--- INPUT DATA ---
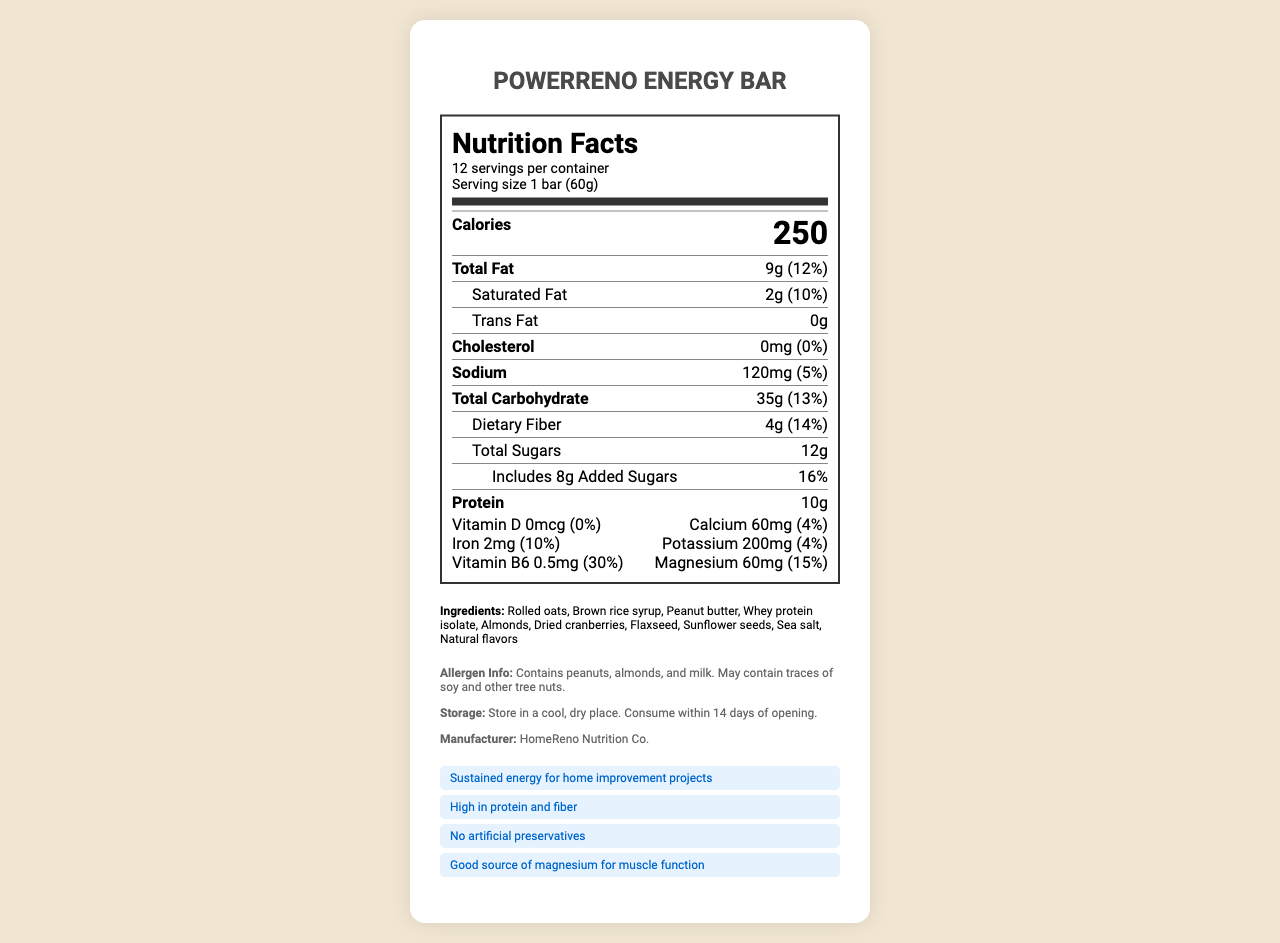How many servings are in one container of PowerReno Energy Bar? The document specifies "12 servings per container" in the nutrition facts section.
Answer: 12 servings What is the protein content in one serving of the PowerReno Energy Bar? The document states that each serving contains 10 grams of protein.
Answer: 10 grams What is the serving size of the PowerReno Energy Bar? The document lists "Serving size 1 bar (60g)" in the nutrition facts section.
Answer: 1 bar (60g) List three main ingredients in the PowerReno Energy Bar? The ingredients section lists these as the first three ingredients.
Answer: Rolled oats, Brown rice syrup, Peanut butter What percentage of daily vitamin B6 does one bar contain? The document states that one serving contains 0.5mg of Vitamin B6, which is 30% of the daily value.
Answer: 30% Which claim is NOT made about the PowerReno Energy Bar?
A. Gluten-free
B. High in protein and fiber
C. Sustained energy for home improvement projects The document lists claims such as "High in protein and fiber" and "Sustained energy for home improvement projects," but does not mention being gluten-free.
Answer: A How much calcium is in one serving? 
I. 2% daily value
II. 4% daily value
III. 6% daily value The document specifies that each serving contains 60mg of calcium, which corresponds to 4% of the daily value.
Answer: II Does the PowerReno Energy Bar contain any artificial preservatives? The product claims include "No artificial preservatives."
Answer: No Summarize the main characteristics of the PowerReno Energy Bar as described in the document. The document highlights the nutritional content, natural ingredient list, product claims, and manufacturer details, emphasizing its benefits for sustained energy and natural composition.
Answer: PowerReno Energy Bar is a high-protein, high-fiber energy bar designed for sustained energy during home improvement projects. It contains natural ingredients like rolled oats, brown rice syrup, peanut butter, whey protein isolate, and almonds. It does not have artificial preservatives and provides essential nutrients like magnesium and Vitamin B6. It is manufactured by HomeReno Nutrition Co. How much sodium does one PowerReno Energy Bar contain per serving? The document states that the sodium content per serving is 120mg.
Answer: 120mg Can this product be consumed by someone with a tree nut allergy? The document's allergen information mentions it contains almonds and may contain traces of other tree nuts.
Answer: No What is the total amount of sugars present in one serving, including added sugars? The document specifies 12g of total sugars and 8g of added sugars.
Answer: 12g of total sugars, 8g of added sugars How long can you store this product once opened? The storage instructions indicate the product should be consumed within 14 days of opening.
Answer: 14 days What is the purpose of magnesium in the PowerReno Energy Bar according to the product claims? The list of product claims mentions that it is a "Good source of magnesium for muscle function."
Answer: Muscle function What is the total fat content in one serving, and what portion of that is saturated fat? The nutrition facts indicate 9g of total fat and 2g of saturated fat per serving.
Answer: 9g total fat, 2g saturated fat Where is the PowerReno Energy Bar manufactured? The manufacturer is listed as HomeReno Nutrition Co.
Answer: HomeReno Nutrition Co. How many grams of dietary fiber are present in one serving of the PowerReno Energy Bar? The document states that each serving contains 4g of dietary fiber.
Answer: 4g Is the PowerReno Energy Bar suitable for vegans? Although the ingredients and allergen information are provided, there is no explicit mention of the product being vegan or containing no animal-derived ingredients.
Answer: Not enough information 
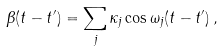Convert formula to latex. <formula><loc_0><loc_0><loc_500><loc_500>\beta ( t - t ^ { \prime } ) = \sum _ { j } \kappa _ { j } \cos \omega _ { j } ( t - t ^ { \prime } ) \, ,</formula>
---
- _PROBLEM REQUIREMENTS_: Take the data above and repeat it exactly, leaving each picture out.

- _WRITTEN REPLY_:
How many servings are in one container of PowerReno Energy Bar? The document specifies "12 servings per container" in the nutrition facts section.
Answer: 12 servings What is the protein content in one serving of the PowerReno Energy Bar? The document states that each serving contains 10 grams of protein.
Answer: 10 grams What is the serving size of the PowerReno Energy Bar? The document lists "Serving size 1 bar (60g)" in the nutrition facts section.
Answer: 1 bar (60g) List three main ingredients in the PowerReno Energy Bar? The ingredients section lists these as the first three ingredients.
Answer: Rolled oats, Brown rice syrup, Peanut butter What percentage of daily vitamin B6 does one bar contain? The document states that one serving contains 0.5mg of Vitamin B6, which is 30% of the daily value.
Answer: 30% Which claim is NOT made about the PowerReno Energy Bar?
A. Gluten-free
B. High in protein and fiber
C. Sustained energy for home improvement projects The document lists claims such as "High in protein and fiber" and "Sustained energy for home improvement projects," but does not mention being gluten-free.
Answer: A How much calcium is in one serving? 
I. 2% daily value
II. 4% daily value
III. 6% daily value The document specifies that each serving contains 60mg of calcium, which corresponds to 4% of the daily value.
Answer: II Does the PowerReno Energy Bar contain any artificial preservatives? The product claims include "No artificial preservatives."
Answer: No Summarize the main characteristics of the PowerReno Energy Bar as described in the document. The document highlights the nutritional content, natural ingredient list, product claims, and manufacturer details, emphasizing its benefits for sustained energy and natural composition.
Answer: PowerReno Energy Bar is a high-protein, high-fiber energy bar designed for sustained energy during home improvement projects. It contains natural ingredients like rolled oats, brown rice syrup, peanut butter, whey protein isolate, and almonds. It does not have artificial preservatives and provides essential nutrients like magnesium and Vitamin B6. It is manufactured by HomeReno Nutrition Co. How much sodium does one PowerReno Energy Bar contain per serving? The document states that the sodium content per serving is 120mg.
Answer: 120mg Can this product be consumed by someone with a tree nut allergy? The document's allergen information mentions it contains almonds and may contain traces of other tree nuts.
Answer: No What is the total amount of sugars present in one serving, including added sugars? The document specifies 12g of total sugars and 8g of added sugars.
Answer: 12g of total sugars, 8g of added sugars How long can you store this product once opened? The storage instructions indicate the product should be consumed within 14 days of opening.
Answer: 14 days What is the purpose of magnesium in the PowerReno Energy Bar according to the product claims? The list of product claims mentions that it is a "Good source of magnesium for muscle function."
Answer: Muscle function What is the total fat content in one serving, and what portion of that is saturated fat? The nutrition facts indicate 9g of total fat and 2g of saturated fat per serving.
Answer: 9g total fat, 2g saturated fat Where is the PowerReno Energy Bar manufactured? The manufacturer is listed as HomeReno Nutrition Co.
Answer: HomeReno Nutrition Co. How many grams of dietary fiber are present in one serving of the PowerReno Energy Bar? The document states that each serving contains 4g of dietary fiber.
Answer: 4g Is the PowerReno Energy Bar suitable for vegans? Although the ingredients and allergen information are provided, there is no explicit mention of the product being vegan or containing no animal-derived ingredients.
Answer: Not enough information 
Convert formula to latex. <formula><loc_0><loc_0><loc_500><loc_500>\beta ( t - t ^ { \prime } ) = \sum _ { j } \kappa _ { j } \cos \omega _ { j } ( t - t ^ { \prime } ) \, ,</formula>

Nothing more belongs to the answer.